Last post 08-02-2011, 7:41 PM by Aussie Susan. 5 replies.
Sort Posts: Previous Next
  •  06-12-2011, 3:02 AM 82788

    Regular Expression for LeadLag

    Hi All,

    I need regular expression to validate the text

    The text might be in any of the below format

    LeadLag(22,+@2,33)

    LeadLag(22,-@2,33)

    LeadLag(22,-@2)

    LeadLag(22,33)

    In place of 22,33 and 2 there might be any number

    I do not know much about how to generate regular expression for the string as above.

    Can anybody please help me out?

    Thanks in Advance,
    Mahesh Marathe

  •  06-12-2011, 6:58 AM 82789 in reply to 82788

    Re: Regular Expression for LeadLag

    Hi Maheshh,

     

    That will do it:

      

     ^LeadLag\(\d{1,3},[\d\+\-][@\d]?[\d]*\)?[,$]?\d{0,3}\)?$?

    I assumed that:

     

    1).The first number has 1 to 3 digits,followed by a period,

    2).the second number has 1 to 3 digits, additionally you CAN have in the first place + or -, in second place @,

     3).there CAN be a third numer, 1 to 3 digits.

     

     

    Greetz

     

     

    Artur

     

  •  06-12-2011, 9:27 AM 82790 in reply to 82789

    Re: Regular Expression for LeadLag

    Hi Artur,

    Thanks for your quick reply

    I tested this expression against -->   LeadLag(100,101+102@103,104)

    it is allowing number after first ','  and before '@'
    i.e. 101 and 102

    Our string only contains + or - and then @ after first ','
    for e.g --> ',+@103'  OR ',-@103'

    Could you please modify the expression accordingly?

    Please let me know if you need any more information?

    Regards,
    Mahesh

  •  06-13-2011, 7:44 PM 82810 in reply to 82790

    Re: Regular Expression for LeadLag

    I don't wish to be rude to either you or Artur as both of you are new to this forum, but this is an example of what happens when you don't follow the posting guidelines in the sticky note at the beginning of this forum (where it specifically requests that you don;t use made up examples), you don't specify fully the various alternative character sequences that can occur, and you don't test pattern suggestions against real examples (including negative matches).

    The first problem is that you have not told us exactly how the various numbers can be formed. For example, I think the first and (optional) 3rd numbers can be any number of digits, but the structure of the 2nd number is only defined in your last posting, not the first.
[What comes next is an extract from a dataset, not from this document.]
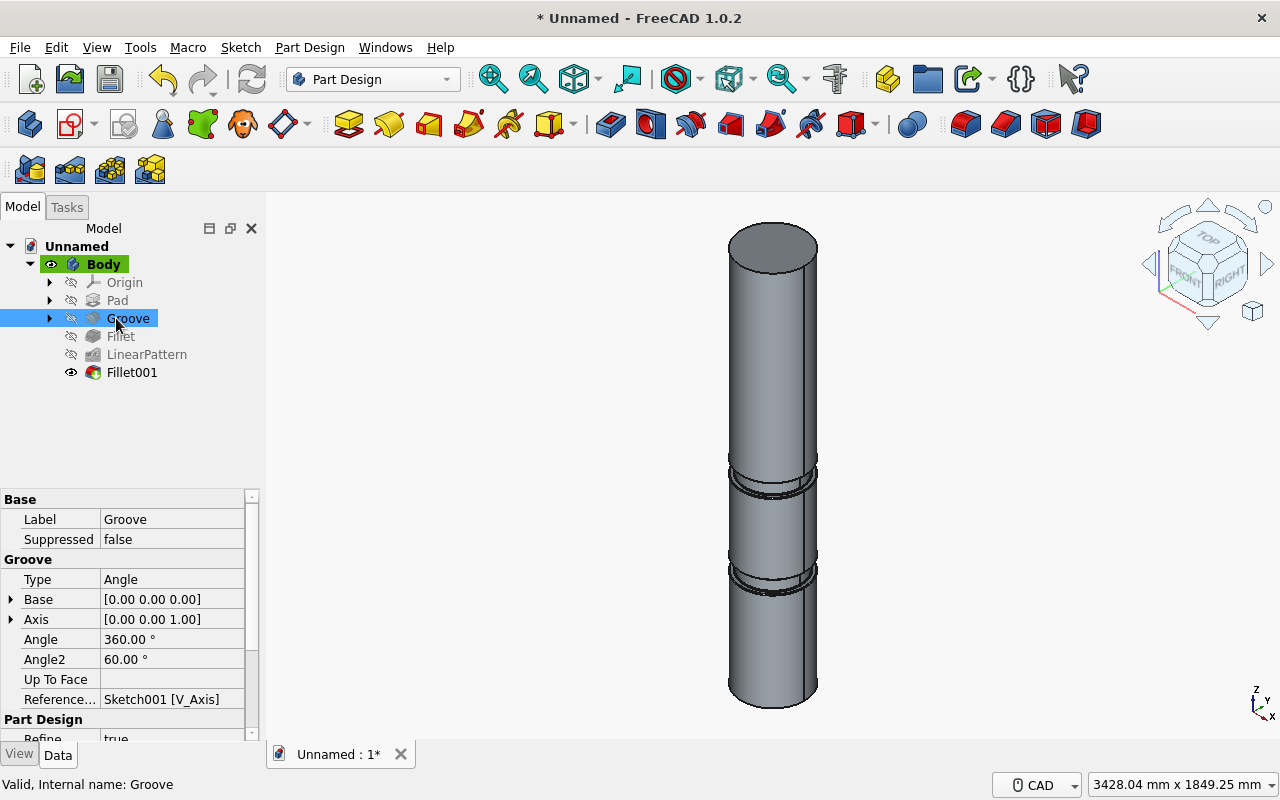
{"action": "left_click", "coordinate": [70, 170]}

    The reason Artur's suggested pattern doesn't work (in that it would seem to match what I assume is the invalid string in your last posting) is that all of the ending part of the pattern is optional - it will match the first part and then not care if the latter parts don't match. If you spilt apart his pattern:

    ^LeadLag\(\d{1,3},
    [\d+-]
    [@\d]?[\d]*\)?
    [,$]?\d{0,3}\)?$?

    (and I've taken out the unnecessary escape characters) you will see that the first 2 lines are all required but the last 2 lines are entirely optional (as well as logically wrong in a couple of places). For "validation" (meaning an "pass/fail" result for the entire string) you have to create a pattern that will ALWAYS try to match to the end of the string and not just leave things half way. When the pattern is optional, if it does NOT match the text, then the regex engine will effectively skip over those parts and still think it is a successful match.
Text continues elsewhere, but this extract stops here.